FFT and convolution

Question

Im writing for school 2dFFT using on image filtering. And I have problem with filter matrix. I made my fft so it accepts 2^n input, and all filter matrix are odd numbers.

So I need solution to somehow transform filter matrix to acceptable input for my function.

I have next idea and Im not sure how it will work. If I have filter matrix:

1 2 3
4 5 6
7 8 9

To transform it to:

0 0 0 0
1 2 3 0
4 5 6 0
7 8 9 0

And when Im matching "center" of matrix with my pixel, match center of "submatrix" and after that extract values I need. Is that possible?

Also Can someone tell me what is max size of filter I can get? Is it larger than lets say 32x32?

Answer 1

Filter masks are used to express filters with compact support. Compact support means that the signal has non-zero values only in a limited range. By extending your filter mask with zero values, you are in fact doing a natural thing. The zeros are part of the original filter.
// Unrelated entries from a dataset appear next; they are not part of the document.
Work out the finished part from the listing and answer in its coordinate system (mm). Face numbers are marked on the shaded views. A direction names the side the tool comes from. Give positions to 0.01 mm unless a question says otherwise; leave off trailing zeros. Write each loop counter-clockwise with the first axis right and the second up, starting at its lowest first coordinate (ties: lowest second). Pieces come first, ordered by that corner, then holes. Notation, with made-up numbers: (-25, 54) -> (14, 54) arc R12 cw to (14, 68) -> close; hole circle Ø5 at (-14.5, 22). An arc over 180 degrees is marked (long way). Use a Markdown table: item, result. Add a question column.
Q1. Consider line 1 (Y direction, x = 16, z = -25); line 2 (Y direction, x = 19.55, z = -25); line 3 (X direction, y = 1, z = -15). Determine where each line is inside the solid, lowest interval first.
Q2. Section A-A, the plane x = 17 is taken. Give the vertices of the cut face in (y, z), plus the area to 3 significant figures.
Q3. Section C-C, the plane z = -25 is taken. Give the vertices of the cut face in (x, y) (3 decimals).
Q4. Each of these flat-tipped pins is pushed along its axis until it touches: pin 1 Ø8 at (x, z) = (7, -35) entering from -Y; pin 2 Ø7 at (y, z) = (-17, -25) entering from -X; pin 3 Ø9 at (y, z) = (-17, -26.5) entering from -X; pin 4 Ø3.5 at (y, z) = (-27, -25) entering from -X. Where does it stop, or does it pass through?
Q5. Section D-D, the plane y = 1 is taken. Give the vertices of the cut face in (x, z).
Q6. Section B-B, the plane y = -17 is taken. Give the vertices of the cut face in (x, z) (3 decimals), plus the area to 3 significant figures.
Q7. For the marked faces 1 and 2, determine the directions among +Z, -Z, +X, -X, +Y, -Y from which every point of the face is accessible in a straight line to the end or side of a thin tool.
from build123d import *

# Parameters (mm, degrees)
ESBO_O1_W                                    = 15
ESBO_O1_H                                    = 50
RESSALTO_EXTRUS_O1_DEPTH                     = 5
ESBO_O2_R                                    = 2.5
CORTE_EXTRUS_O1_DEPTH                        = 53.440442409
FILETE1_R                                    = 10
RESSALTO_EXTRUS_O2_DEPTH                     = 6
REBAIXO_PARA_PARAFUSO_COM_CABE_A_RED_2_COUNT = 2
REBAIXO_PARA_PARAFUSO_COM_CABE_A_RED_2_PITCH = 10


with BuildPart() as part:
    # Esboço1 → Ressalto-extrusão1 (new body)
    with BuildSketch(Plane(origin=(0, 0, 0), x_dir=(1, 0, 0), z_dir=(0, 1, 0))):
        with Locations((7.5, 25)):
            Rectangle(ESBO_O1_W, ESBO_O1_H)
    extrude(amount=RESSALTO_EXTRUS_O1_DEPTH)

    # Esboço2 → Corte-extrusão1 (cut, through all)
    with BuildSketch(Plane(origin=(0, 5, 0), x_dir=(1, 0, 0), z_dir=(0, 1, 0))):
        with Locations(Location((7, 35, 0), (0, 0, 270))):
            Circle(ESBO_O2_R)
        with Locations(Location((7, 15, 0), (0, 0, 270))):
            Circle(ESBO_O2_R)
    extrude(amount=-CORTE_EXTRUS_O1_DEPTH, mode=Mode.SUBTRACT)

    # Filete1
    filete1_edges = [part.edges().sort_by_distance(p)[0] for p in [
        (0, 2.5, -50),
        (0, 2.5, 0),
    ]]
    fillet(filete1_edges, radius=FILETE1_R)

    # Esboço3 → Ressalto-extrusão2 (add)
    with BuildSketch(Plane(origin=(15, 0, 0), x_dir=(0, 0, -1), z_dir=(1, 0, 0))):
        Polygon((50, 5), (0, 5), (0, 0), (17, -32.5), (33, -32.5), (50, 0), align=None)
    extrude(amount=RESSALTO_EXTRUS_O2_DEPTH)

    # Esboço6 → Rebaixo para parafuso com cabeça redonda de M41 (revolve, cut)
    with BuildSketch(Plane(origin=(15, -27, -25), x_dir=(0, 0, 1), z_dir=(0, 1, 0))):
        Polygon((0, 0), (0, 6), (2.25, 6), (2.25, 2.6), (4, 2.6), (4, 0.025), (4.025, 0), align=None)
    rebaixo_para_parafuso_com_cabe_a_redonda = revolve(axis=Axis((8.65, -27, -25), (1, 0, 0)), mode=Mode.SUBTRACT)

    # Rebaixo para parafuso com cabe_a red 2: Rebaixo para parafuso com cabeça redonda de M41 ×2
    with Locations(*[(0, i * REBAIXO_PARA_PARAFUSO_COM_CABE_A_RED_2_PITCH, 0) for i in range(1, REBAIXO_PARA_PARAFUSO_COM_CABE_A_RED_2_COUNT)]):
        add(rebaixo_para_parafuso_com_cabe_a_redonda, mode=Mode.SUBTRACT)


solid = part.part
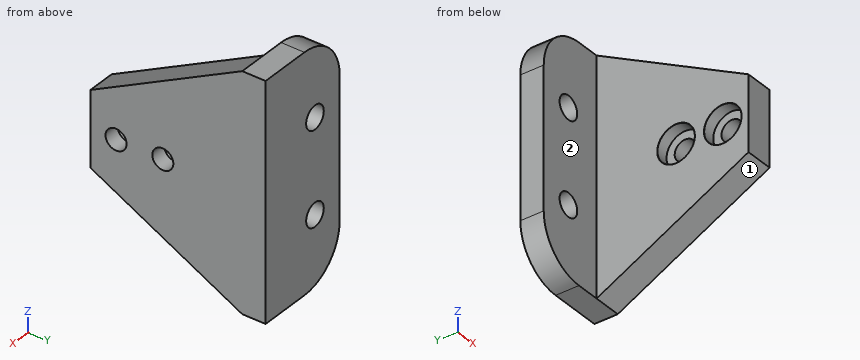
Result set:
| question | item | result |
|---|---|---|
| 1 | line 1 | y = -32.5 to -31, -23 to -21, -13 to 5 |
| 1 | line 2 | y = -32.5 to -29.25, -24.75 to -19.25, -14.75 to 5 |
| 1 | line 3 | x = 0 to 4.5, 9.5 to 21 |
| 2 | outline | (-32.5, -33) -> (0, -50) -> (5, -50) -> (5, 0) -> (0, 0) -> (-32.5, -17) -> close; hole circle Ø8 at (-27, -25); hole circle Ø8 at (-17, -25) |
| 2 | area | 1,220 mm2 |
| 3 | outline | (0, 0) -> (15, 0) -> (15, -12.975) -> (15.025, -13) -> (17.6, -13) -> (17.6, -14.75) -> (21, -14.75) -> (21, 5) -> (0, 5) -> close; (15, -32.5) -> (21, -32.5) -> (21, -29.25) -> (17.6, -29.25) -> (17.6, -31) -> (15.025, -31) -> (15, -31.025) -> close; (15, -22.975) -> (15.025, -23) -> (17.6, -23) -> (17.6, -24.75) -> (21, -24.75) -> (21, -19.25) -> (17.6, -19.25) -> (17.6, -21) -> (15.025, -21) -> (15, -21.025) -> close |
| 4 | pin 1 | stops at y = 0 |
| 4 | pin 2 | stops at x = 17.6 |
| 4 | pin 3 | stops at x = 15 |
| 4 | pin 4 | passes through |
| 5 | outline | (0, -40) arc R10 ccw to (10, -50) -> (21, -50) -> (21, 0) -> (10, 0) arc R10 ccw to (0, -10) -> close; hole circle Ø5 at (7, -35); hole circle Ø5 at (7, -15) |
| 6 | outline | (15, -41.108) -> (21, -41.108) -> (21, -27.25) -> (17.6, -27.25) -> (17.6, -29) -> (15.025, -29) -> (15, -29.025) -> close; (15, -20.975) -> (15.025, -21) -> (17.6, -21) -> (17.6, -22.75) -> (21, -22.75) -> (21, -8.892) -> (15, -8.892) -> close |
| 6 | area | 157 mm2 |
| 7 | face 1 | -Z, +X, -X, -Y |
| 7 | face 2 | +Z, -Z, -X, -Y |

The real problem however is a different thing. I assume that you use FFT according to the convolution theorem . For that, you need element-wise multiplication. You can only do element-wise multiplication when both your filter and your signal have the same number of elements. So you would need to extend your filter to the signal size (using zeros).

There is no limit on filter mask size. For convolution the only restriction is compact support (as explained above).